In Massachusetts, children who are conceived during a marriage through the use of assisted reproductive technology (such as in vitro fertilization or artificial insemination) are legally children of both parents so long as there was spousal consent to the conception. In those situations, because each spouse is a “lawful parent” of the child at birth, there is no separate obligation for either spouse to adopt the child in order to assert their parental rights.
However, because same-sex marriages are not universally recognized by all 50 states, same-sex couples tend to take additional steps to protect their parental rights, including adopting their children. This ensures recognition of their parentage when they travel outside of Massachusetts, or if the family relocates to a state where same-sex marriages are not recognized.
Adoptions are governed by statute in Massachusetts, specifically G. L. c. 210, § 2. The statute requires that notice be provided to and written consent given by any individual who may assert parental rights over a child, such as the lawful parents, before an adoption may be granted. The statute is silent on whether sperm donors fall into the category of those individuals who may assert parental rights over a child created from their sperm.

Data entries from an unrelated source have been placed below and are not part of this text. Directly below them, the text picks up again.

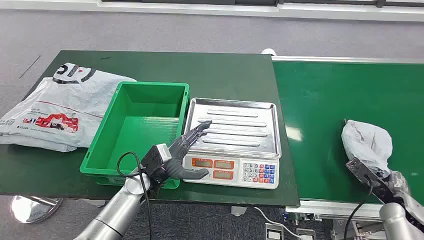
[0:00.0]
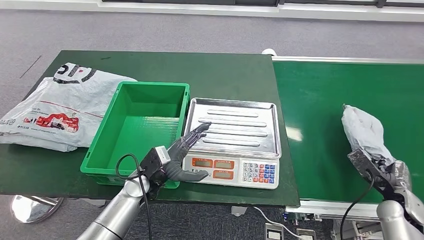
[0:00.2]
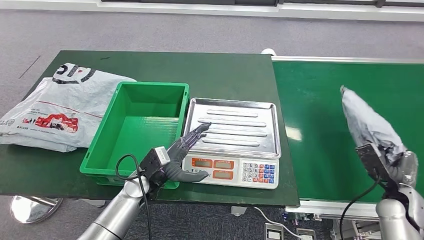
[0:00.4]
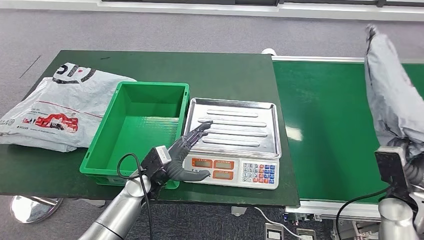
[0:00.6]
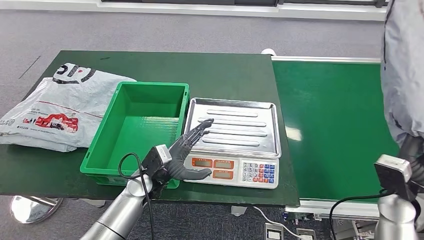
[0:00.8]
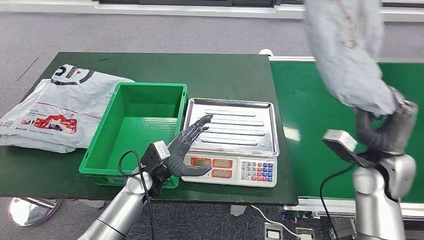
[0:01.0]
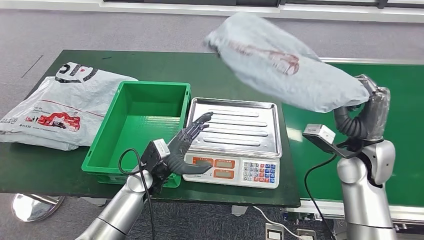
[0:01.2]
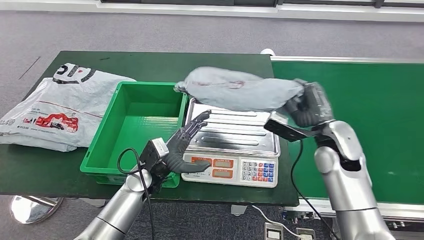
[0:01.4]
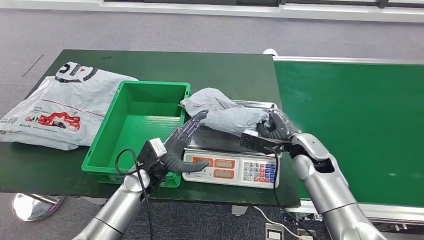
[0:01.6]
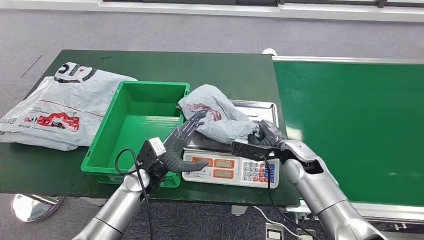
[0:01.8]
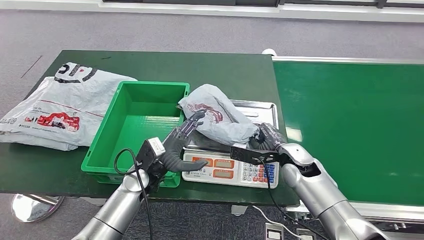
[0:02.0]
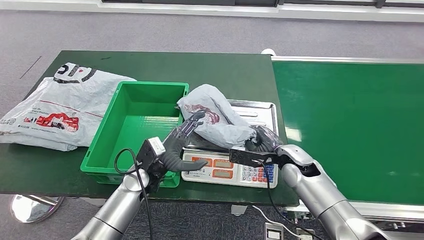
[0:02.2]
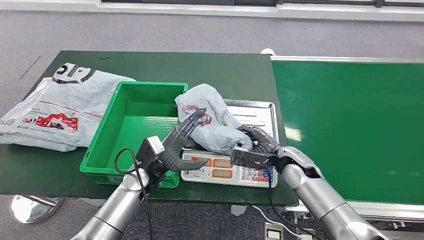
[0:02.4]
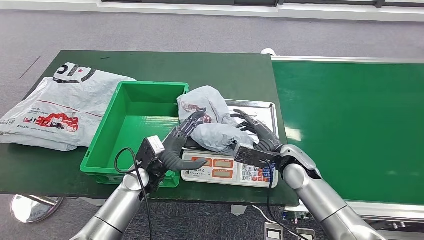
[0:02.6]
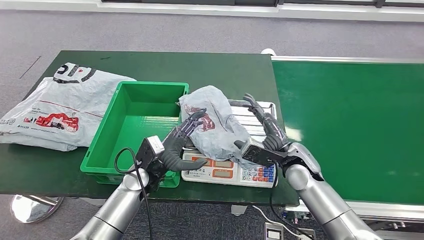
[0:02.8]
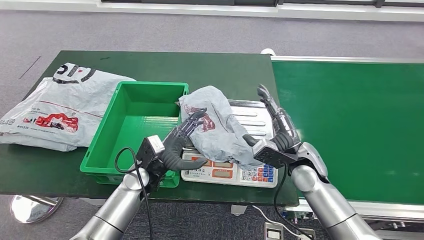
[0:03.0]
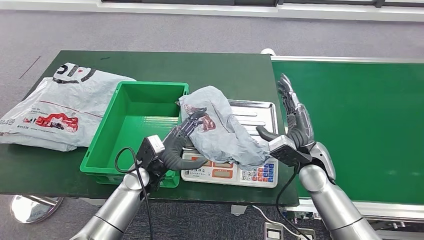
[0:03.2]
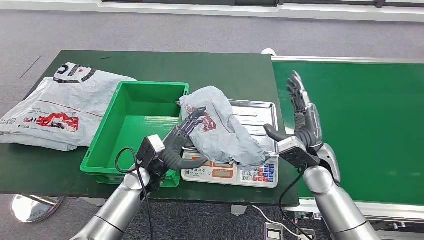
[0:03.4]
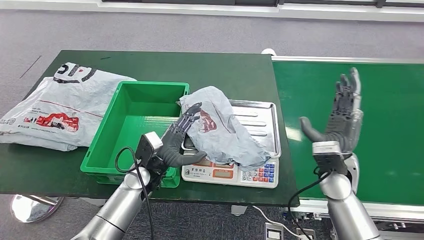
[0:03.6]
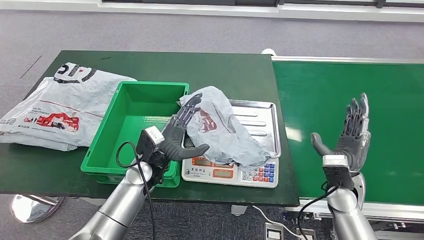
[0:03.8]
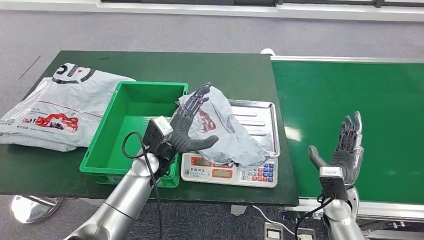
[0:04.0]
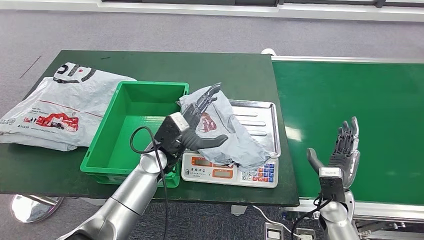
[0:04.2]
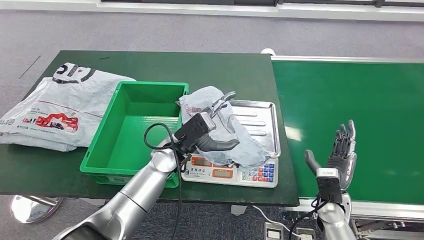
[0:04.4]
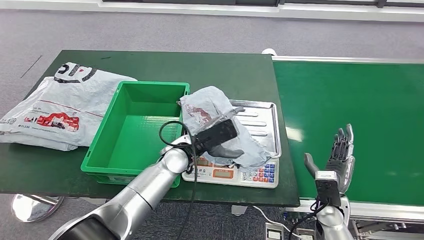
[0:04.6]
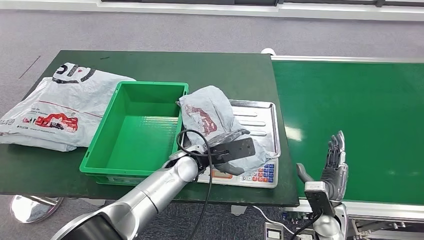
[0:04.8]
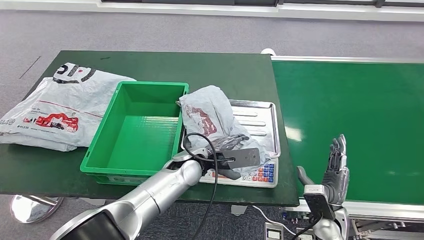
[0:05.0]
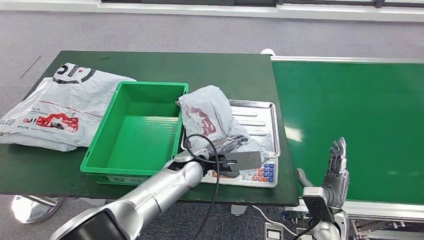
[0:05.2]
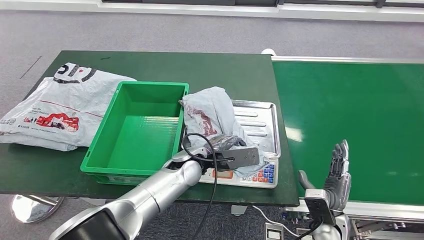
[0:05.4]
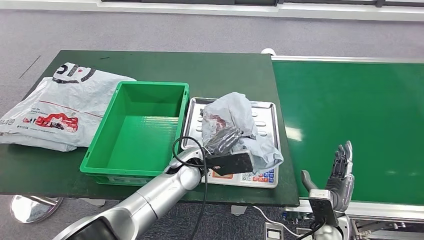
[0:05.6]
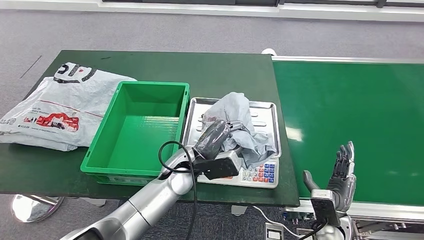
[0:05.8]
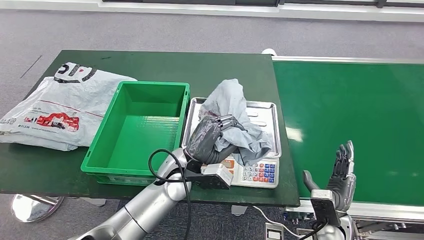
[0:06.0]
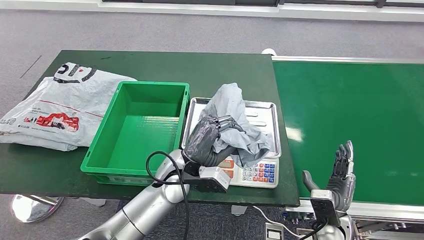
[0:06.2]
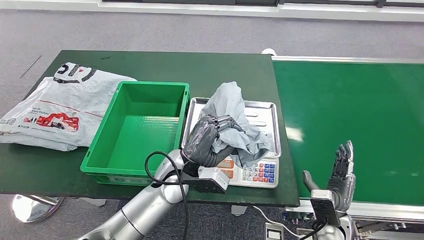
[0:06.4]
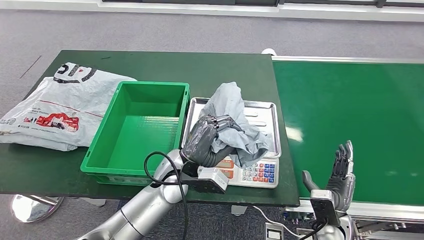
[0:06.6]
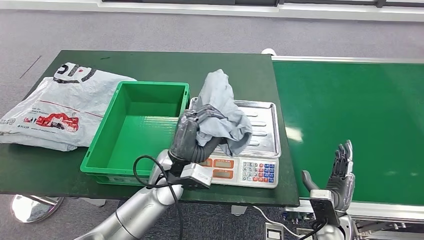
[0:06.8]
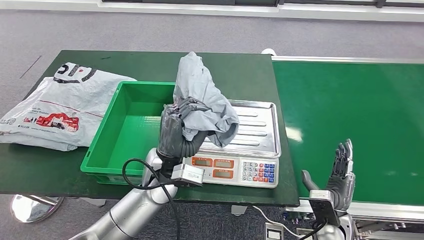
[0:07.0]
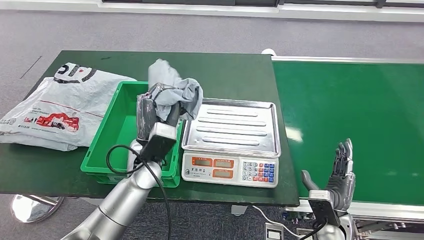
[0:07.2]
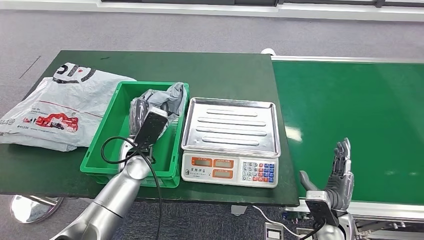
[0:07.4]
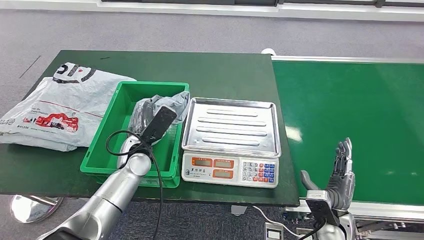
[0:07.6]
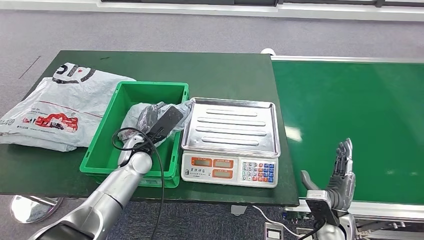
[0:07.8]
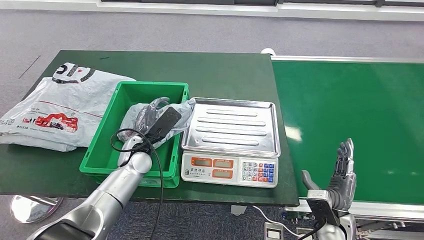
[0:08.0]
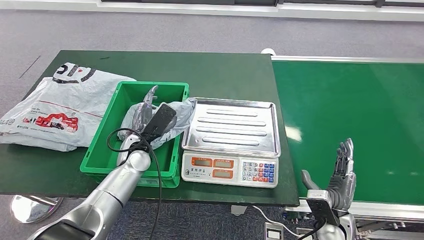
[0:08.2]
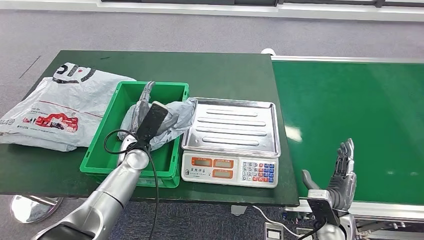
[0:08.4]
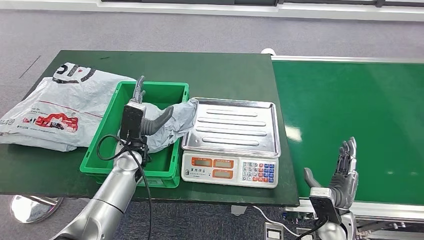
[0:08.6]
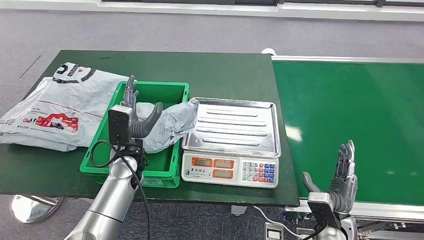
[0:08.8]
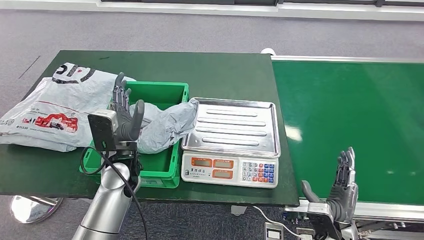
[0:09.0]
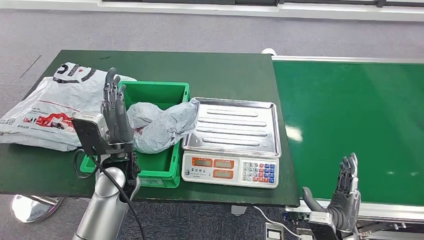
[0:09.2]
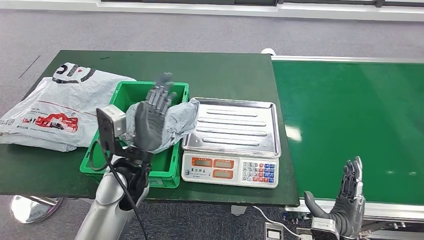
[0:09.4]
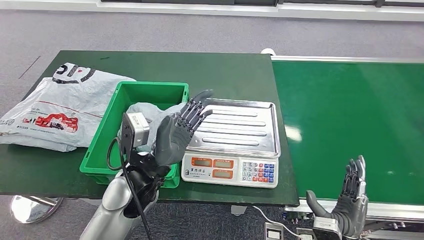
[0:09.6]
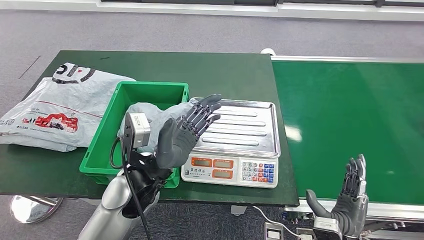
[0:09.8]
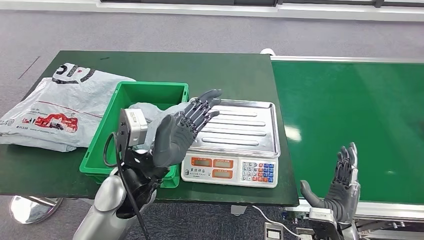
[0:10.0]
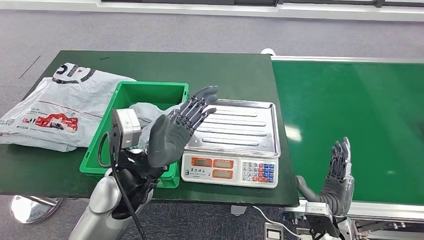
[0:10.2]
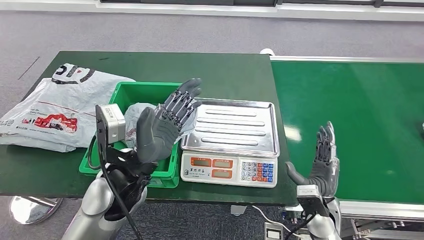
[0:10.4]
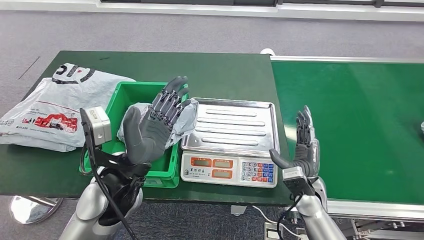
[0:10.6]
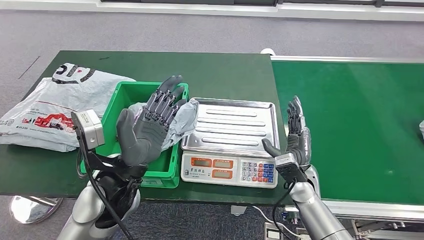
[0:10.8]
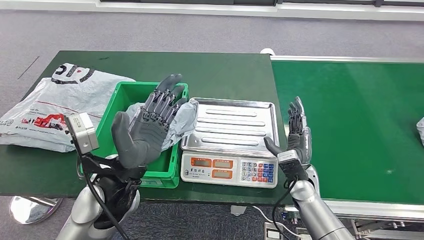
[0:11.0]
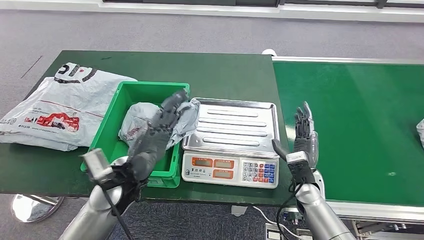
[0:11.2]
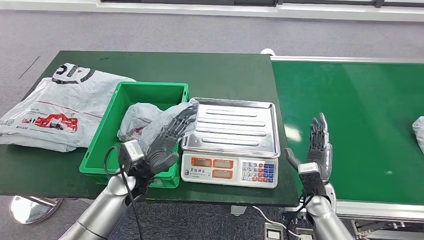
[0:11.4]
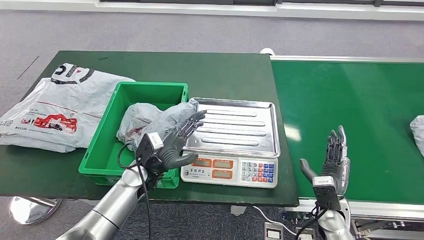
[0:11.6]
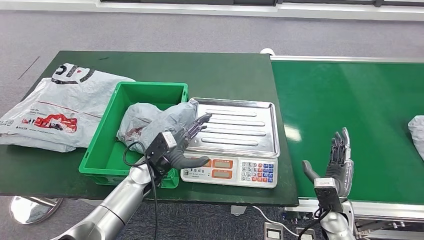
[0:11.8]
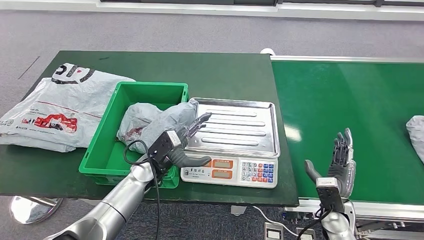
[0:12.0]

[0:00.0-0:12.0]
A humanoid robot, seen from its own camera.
Step, 0:00.0 to 0:01.0: Take the parcel off the conveyor belt.
Step, 0:01.2 to 0:03.2: Place the parcel onto the inbound machine.
Step, 0:03.4 to 0:06.8: Pick up the parcel from the inbound machine.
Step, 0:07.0 to 0:09.0: Put the parcel inside the courier box.
0:03.0 to 0:04.4: The left hand is displaced to the right and upward by roughly 10 cm; the right hand shifts approximately 15 cm downward, to the right and backward.
0:04.4 to 0:06.0: The right hand shifts roughly 5 cm backward.
0:06.0 to 0:07.6: The left hand travels to the left by roughly 10 cm.
0:09.0 to 0:10.4: The right hand shifts roughly 5 cm forward; the left hand goes about 10 cm upward and backward.
0:10.4 to 0:12.0: The left hand moves downward and forward, about 20 cm.

Because the statute is unclear, a Massachusetts probate and family court was unable to decide whether the lawful parents of a child must give notice to, and get written consent from, the known biological father/sperm donor before putting a child up for adoption. The probate and family court reported the issue to the appeals court for a determination.

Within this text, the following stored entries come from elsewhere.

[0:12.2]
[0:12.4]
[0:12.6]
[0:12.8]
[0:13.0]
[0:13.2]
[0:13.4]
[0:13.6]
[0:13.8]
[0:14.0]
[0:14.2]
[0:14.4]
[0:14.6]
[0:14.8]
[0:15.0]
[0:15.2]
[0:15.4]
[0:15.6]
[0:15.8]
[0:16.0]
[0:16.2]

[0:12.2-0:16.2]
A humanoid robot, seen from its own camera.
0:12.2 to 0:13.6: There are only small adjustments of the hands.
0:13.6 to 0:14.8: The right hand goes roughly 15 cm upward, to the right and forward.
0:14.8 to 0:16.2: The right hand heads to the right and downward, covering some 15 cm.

Today, the SJC decided the issue, holding that the relevant statutes and case law confer legal parentage on the birth mother and her consenting spouse. Therefore, it is presumed that marital children have only two legal parents. Although the SJC acknowledged that there are certain circumstances where a “putative father,” a man whose legal relationship to a child has not been established but claims that he may be the biological father of a child who is born to an unmarried woman, may establish paternity, the SJC distinguished that circumstance from the issue of a known sperm donor.
The SJC ultimately held that G.L. c. 210, § 2 does not require the lawful parents of a child to give notice of the petition for adoption to a known sperm donor.